As the researchers wrote, the virus's use of alternate transcript start sites lets it translate a number of different proteins "from a single genomic locus," with different start sites predominating at different stages of the infection process.
Weissman suggested that, while HCMV "might be a bit of an extreme case," similar complexity is likely present across all organisms. His lab's ribosome profiling approach, he added, is applicable to any kind of cell.
Of the newly identified ORFs, 245 were very short, consisting of 20 or fewer codons; 239 consisted of between 21 and 80 codons; and 120 consisted of more than 80 codons.
In addition to the ribosome profiling data, the researchers also looked for evidence of these newly identified proteins via mass spec, collaborating with the lab of Max Planck researcher Matthias Mann to do proteomic discovery work on a Thermo Fisher Scientific Q Exactive instrument.
Given the Weissman lab's ribosome profiling work, "it was kind of an obvious step to go to the proteome level and really look for these specific proteins that they were predicting," Annette Michalski, a Max Planck researcher and author on the paper, told ProteoMonitor.

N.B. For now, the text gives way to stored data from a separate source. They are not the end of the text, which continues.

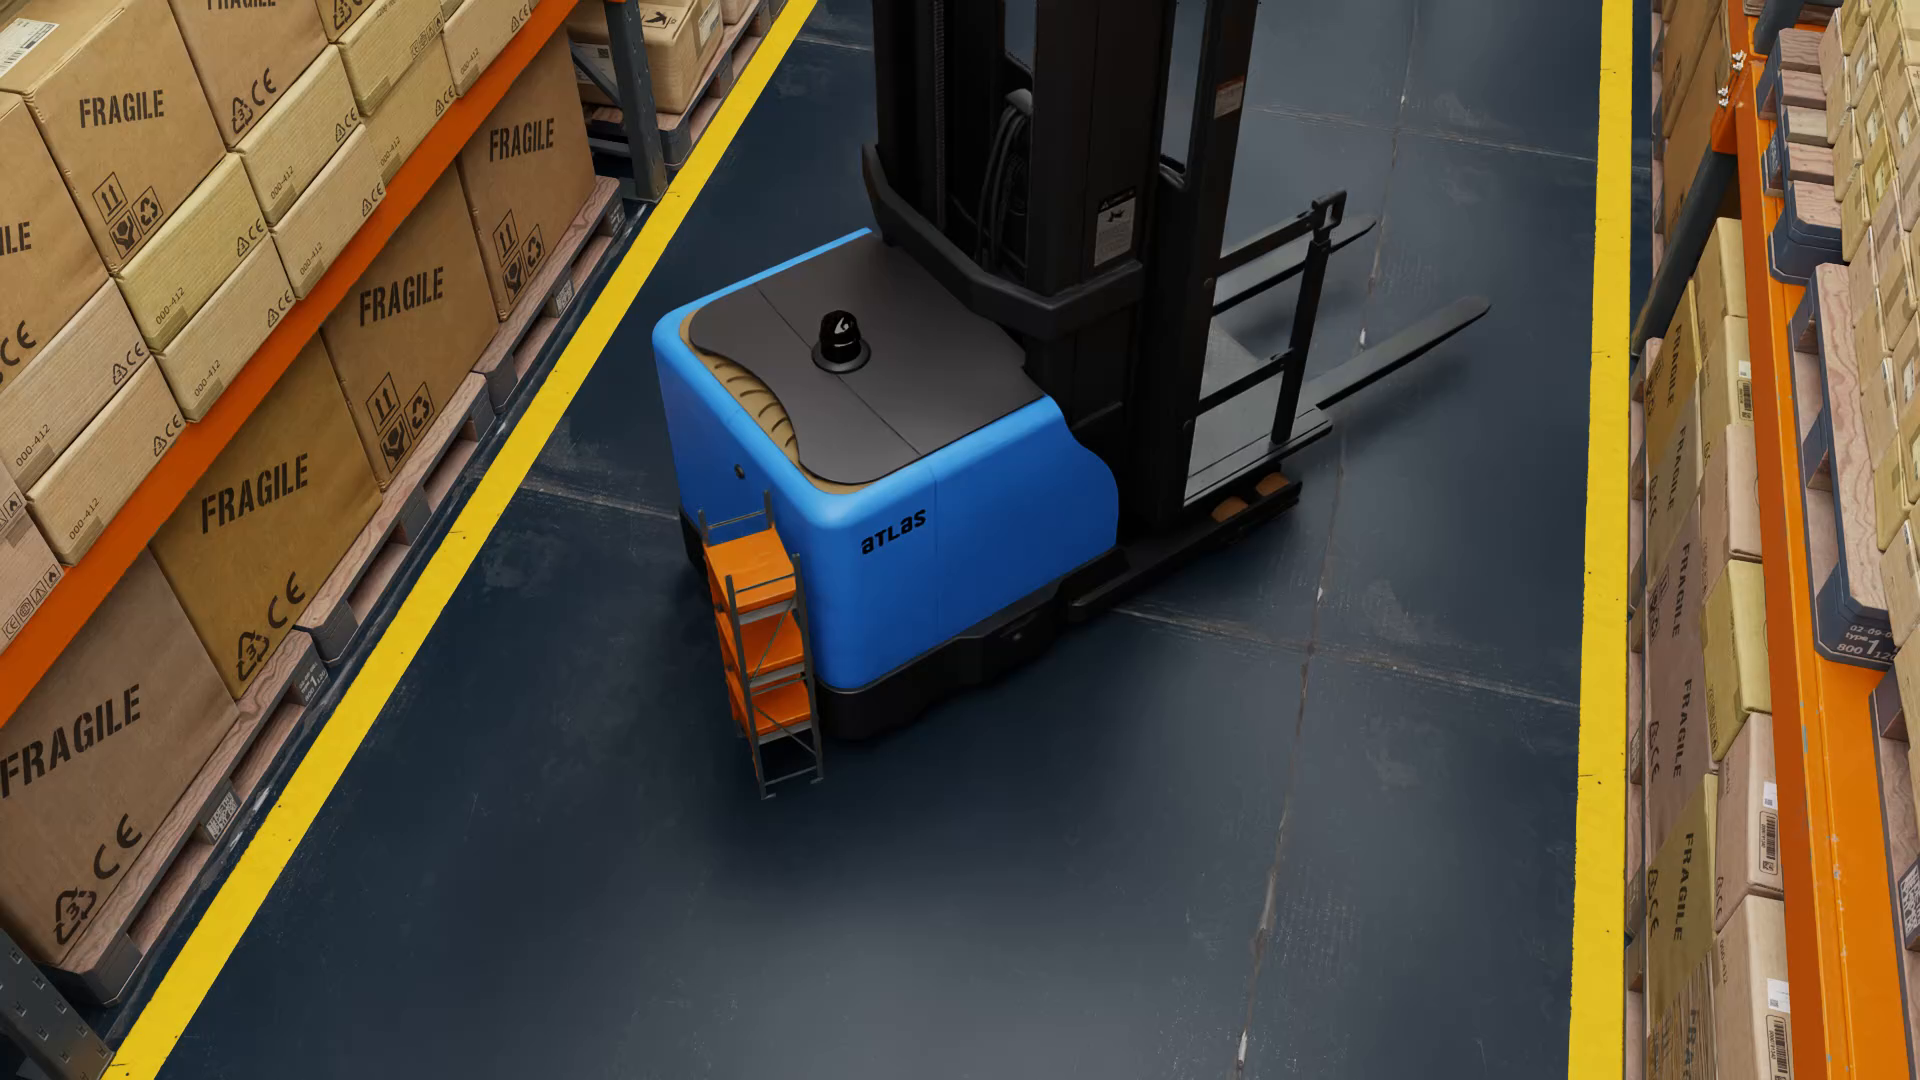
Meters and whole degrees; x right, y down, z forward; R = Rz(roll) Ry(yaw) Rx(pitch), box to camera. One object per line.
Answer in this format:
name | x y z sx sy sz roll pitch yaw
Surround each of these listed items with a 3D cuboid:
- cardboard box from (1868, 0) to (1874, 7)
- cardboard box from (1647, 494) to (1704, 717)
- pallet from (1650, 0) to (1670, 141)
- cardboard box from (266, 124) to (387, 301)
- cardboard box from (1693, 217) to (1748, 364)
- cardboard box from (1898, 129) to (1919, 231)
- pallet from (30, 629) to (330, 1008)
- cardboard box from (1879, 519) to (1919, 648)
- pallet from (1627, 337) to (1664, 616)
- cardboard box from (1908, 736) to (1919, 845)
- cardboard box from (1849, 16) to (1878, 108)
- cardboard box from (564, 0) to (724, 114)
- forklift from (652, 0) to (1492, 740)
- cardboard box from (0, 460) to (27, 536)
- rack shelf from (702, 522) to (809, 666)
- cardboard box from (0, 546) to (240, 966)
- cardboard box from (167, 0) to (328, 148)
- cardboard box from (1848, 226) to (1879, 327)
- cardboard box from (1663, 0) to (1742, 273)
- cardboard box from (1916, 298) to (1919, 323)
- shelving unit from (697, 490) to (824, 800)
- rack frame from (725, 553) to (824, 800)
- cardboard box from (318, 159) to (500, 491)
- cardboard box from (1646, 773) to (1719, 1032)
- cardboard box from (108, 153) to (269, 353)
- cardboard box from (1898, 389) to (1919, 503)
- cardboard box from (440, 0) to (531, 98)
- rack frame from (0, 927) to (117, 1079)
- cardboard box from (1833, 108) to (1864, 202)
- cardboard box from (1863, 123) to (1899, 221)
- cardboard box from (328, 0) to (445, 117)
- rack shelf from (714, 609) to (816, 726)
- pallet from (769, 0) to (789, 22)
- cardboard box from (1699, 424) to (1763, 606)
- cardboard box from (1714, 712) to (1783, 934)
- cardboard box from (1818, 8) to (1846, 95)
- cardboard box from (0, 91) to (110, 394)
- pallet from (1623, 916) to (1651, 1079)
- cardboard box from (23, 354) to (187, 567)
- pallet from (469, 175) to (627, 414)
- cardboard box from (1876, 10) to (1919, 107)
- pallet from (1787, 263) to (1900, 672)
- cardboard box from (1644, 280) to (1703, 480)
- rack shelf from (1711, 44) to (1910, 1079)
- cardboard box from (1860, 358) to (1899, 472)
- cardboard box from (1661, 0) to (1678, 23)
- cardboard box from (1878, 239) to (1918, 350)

Obtaining sufficient proteome depth via mass spec proved a challenge, however, she noted, particularly given that the HCMV proteins were present against a background of the infected human cell.

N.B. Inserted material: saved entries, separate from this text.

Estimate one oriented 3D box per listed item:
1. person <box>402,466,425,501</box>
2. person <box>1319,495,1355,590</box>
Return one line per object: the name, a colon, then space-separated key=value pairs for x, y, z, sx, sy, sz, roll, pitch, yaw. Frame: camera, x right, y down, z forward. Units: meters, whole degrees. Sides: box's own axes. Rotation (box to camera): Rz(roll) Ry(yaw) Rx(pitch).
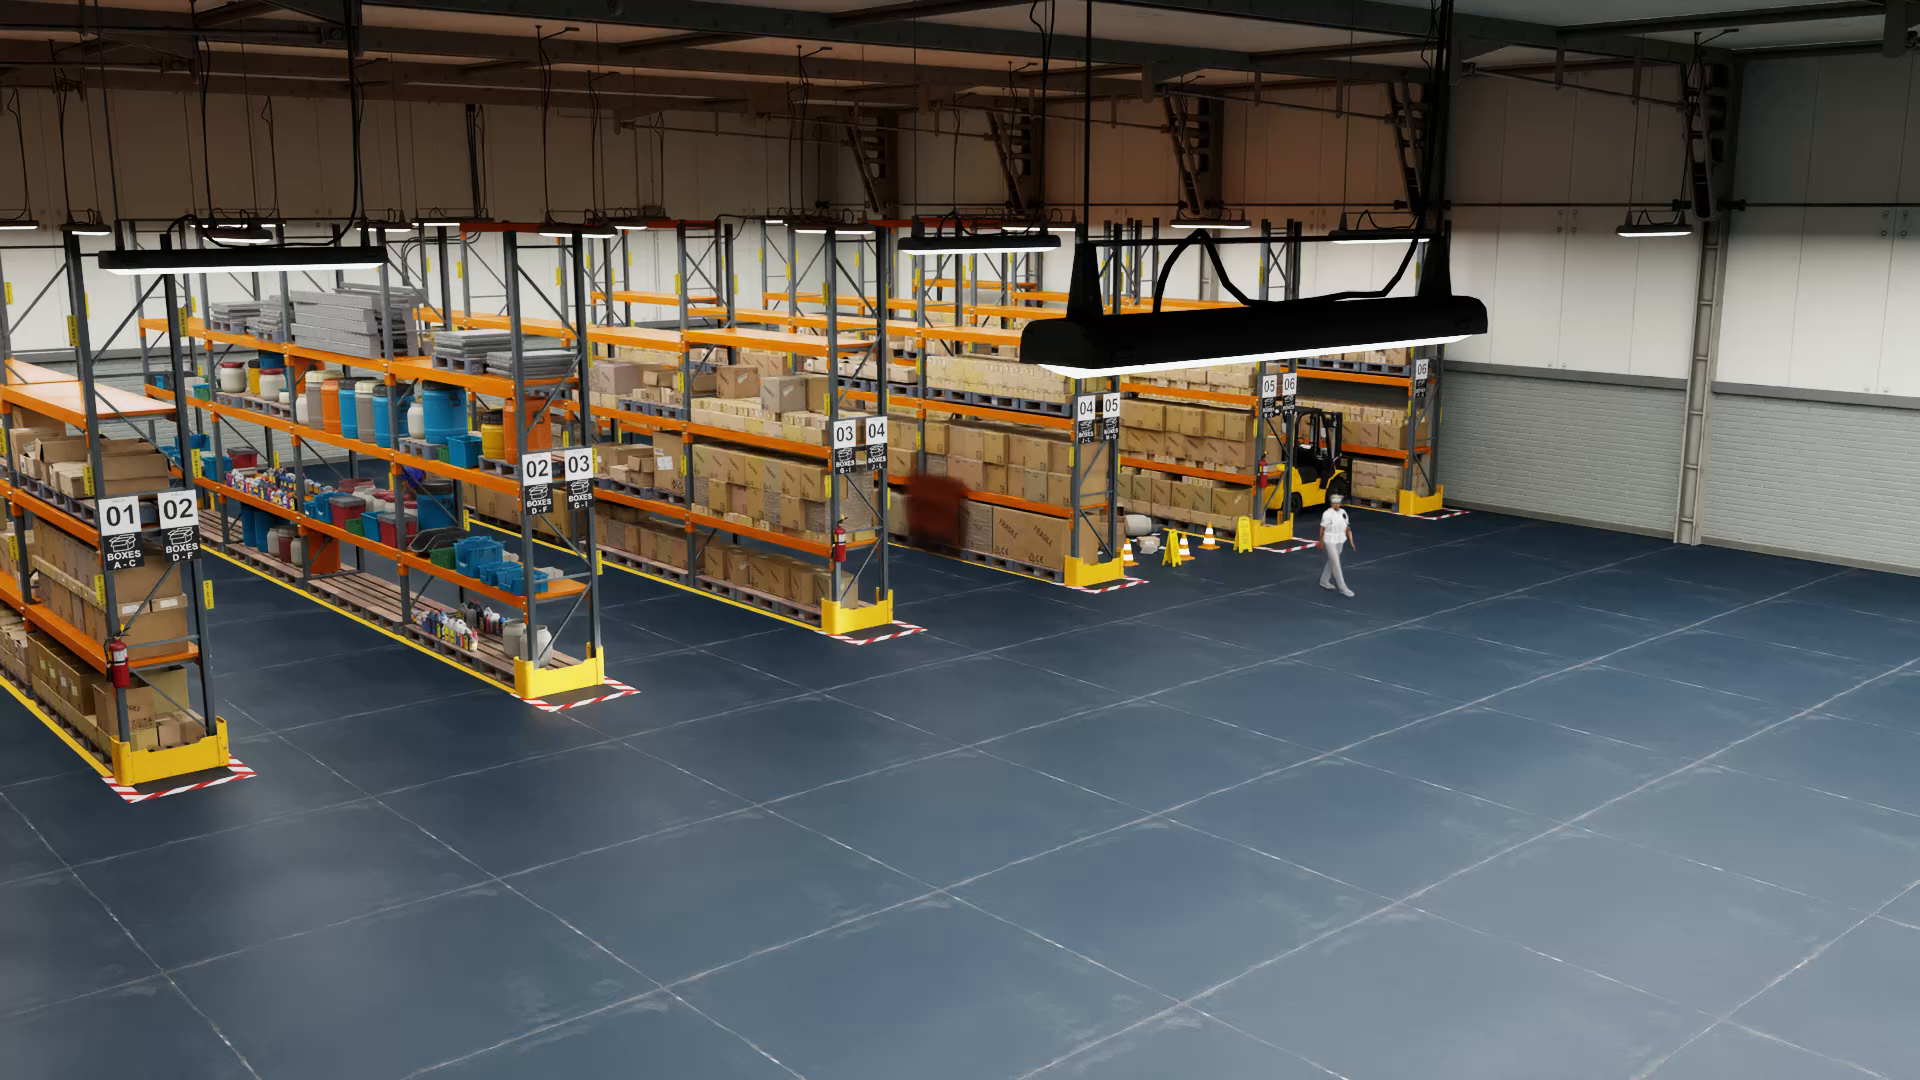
person: x=-10.726 y=-0.846 z=32.668 sx=0.528 sy=1.348 sz=0.686 roll=-7 pitch=13 yaw=-31
person: x=6.190 y=0.011 z=27.407 sx=0.472 sy=1.556 sz=0.752 roll=-6 pitch=13 yaw=-26

"These were very, very complex samples," Michalkski said, noting that the speed and high mass accuracy of the Q Exactive were keys to obtaining a level of coverage suitable for the work.
"It's only now [become] possible with the technology we have to actually identify many of these newly predicted, novel open reading frames, as proteins," she said. She added that the researchers had started the project using an earlier generation Orbitrap machine, and that moving to the Q Exactive "really gave a boost to the entire analysis."
Mass spec proteomics is emerging as a tool for researchers to confirm and better understand the protein outputs and functional impact of observed genomic variation and complexity (PM 11/30/2012). As Weissman noted, though, the technology still has its limitations. In the case of the Science study, the digestion-based discovery proteomics approach taken by the Max Planck team was poorly suited to identifying the very short proteins identified by the ribosome profiling.
Because the proteins in a conventional bottom-up proteomics experiment are digested into peptides prior to mass spec analysis, it can be difficult to distinguish between, for instance, full-length and truncated forms of a protein.
"The big finding with the ribosome profiling was that there were many really, really short open reading frames," Michalski said. "And with mass spectrometry – since we do the digest with trypsin, it of course becomes more and more difficult to get to these very short proteins."
Given this, the researchers confined their mass spec analyses to relatively long proteins, looking for proteins longer than 55 amino acids. In total, they investigated the products of 96 new genomic loci identified by the ribosome profiling and detected 53 previously unidentified proteins.
The findings, Weissman said, now provide a starting point for researchers to further investigate the functional roles of the newly identified proteins.
"In the same way that when we sequence a genome… when we use ribosome profiling [and mass spec] to understand what proteins are being encoded by that genome, it's a starting point for understanding function," he said.